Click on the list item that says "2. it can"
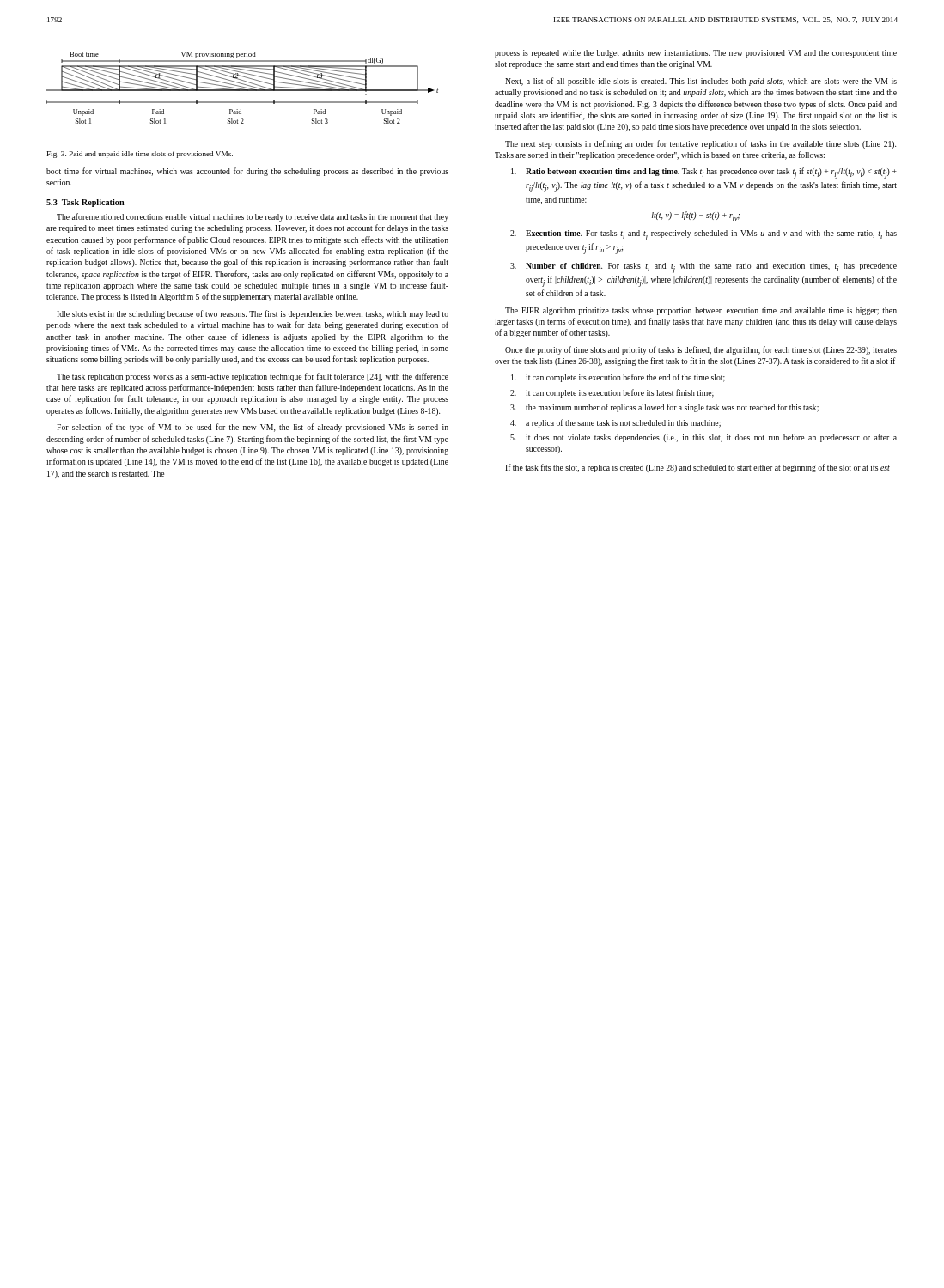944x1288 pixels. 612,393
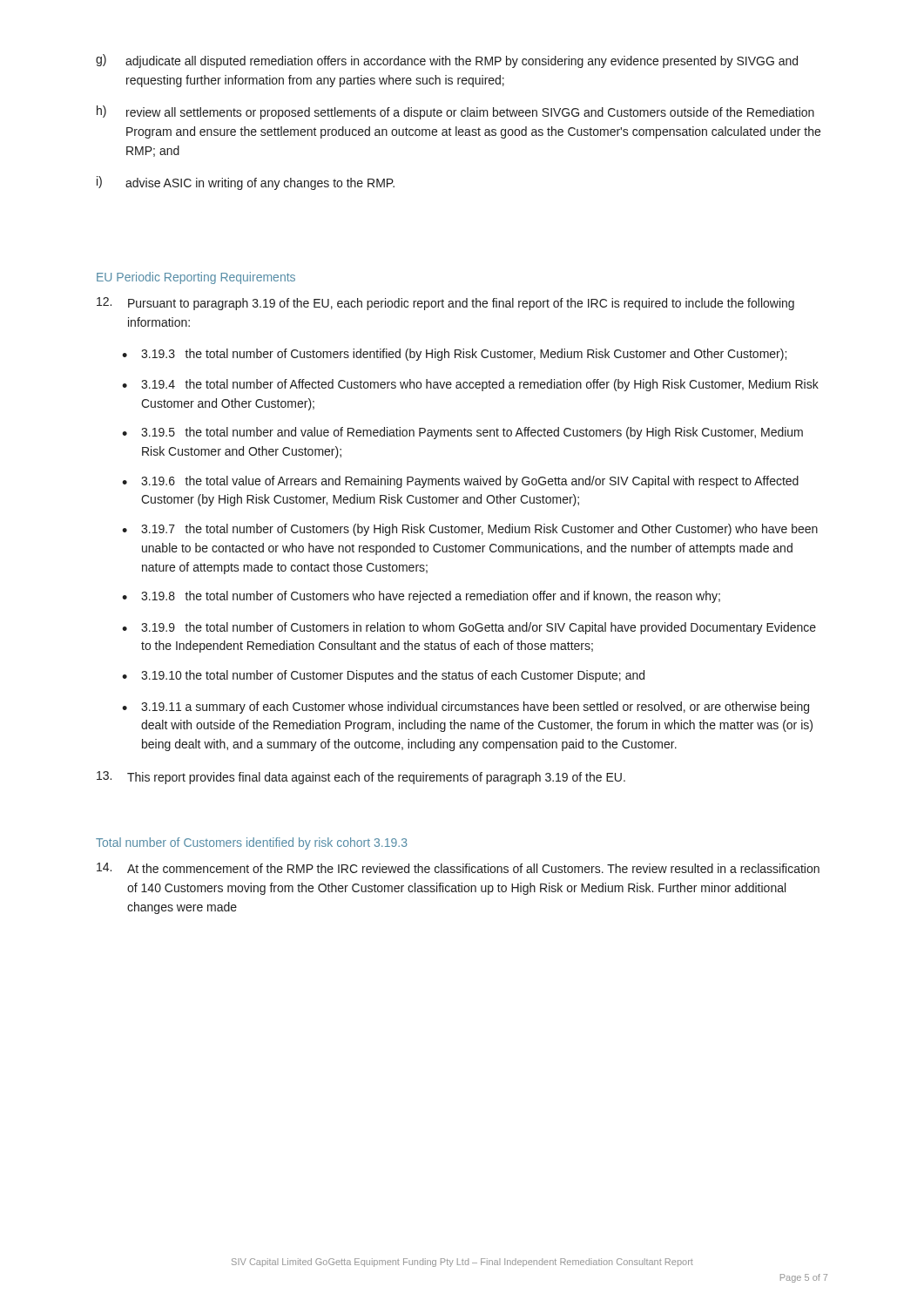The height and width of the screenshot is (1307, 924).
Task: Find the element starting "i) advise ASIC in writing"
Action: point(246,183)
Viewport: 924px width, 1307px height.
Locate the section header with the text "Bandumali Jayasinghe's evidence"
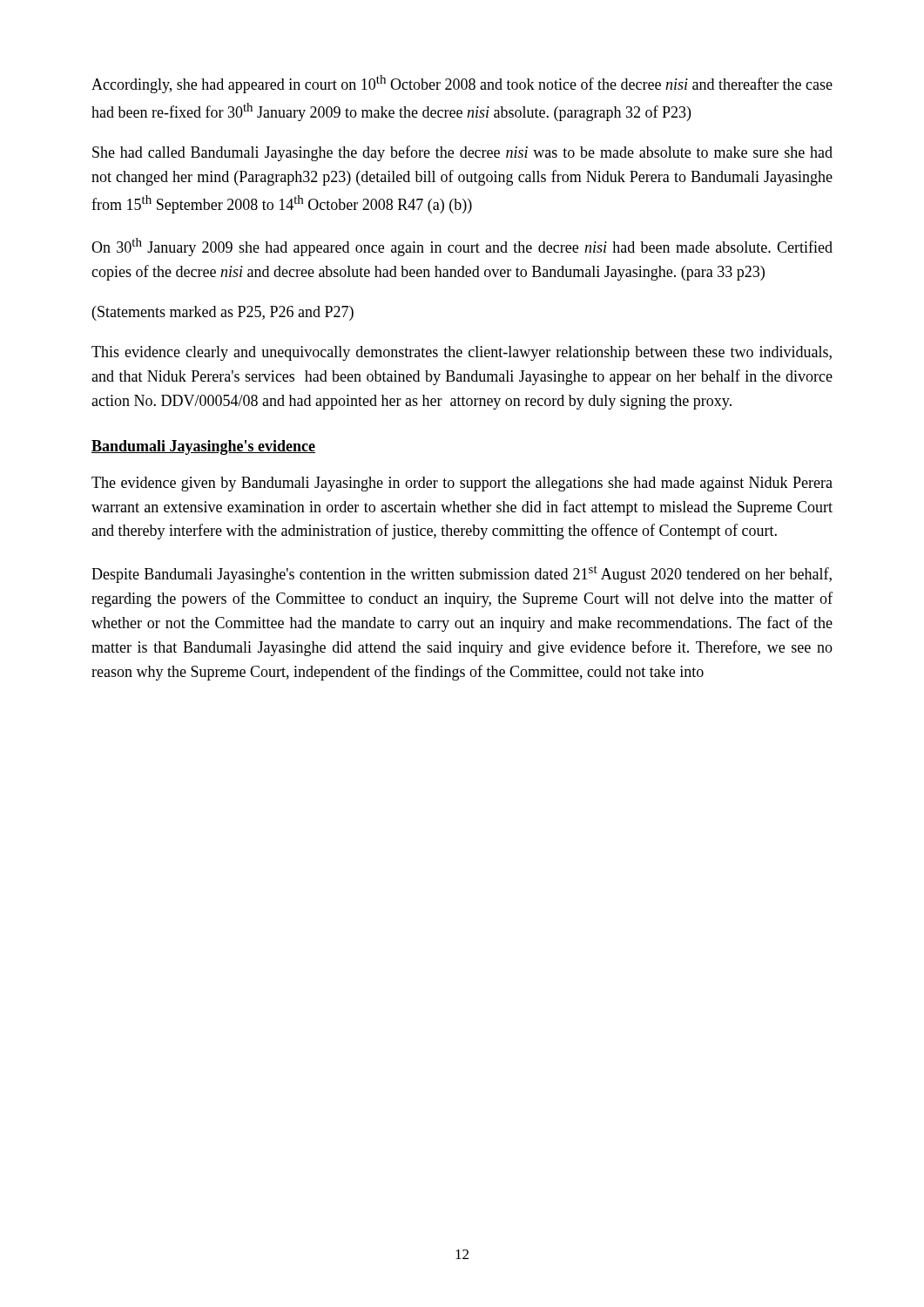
...
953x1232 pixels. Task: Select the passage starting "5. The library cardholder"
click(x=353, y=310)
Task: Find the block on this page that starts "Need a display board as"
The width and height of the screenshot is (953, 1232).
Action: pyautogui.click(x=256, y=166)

» Work item
Copy needed, without pictures: the lines of the listing above from the line containing "Click on the" up to and including the line containing "Locate the section", set down exactly.

» Solution for this exercise
Click on the list item that says "2. it can"
944x1288 pixels. 612,393
The height and width of the screenshot is (1307, 924).
Task: Find the element starting "i) advise ASIC in writing"
Action: point(246,183)
Viewport: 924px width, 1307px height.
Locate the section header with the text "Bandumali Jayasinghe's evidence"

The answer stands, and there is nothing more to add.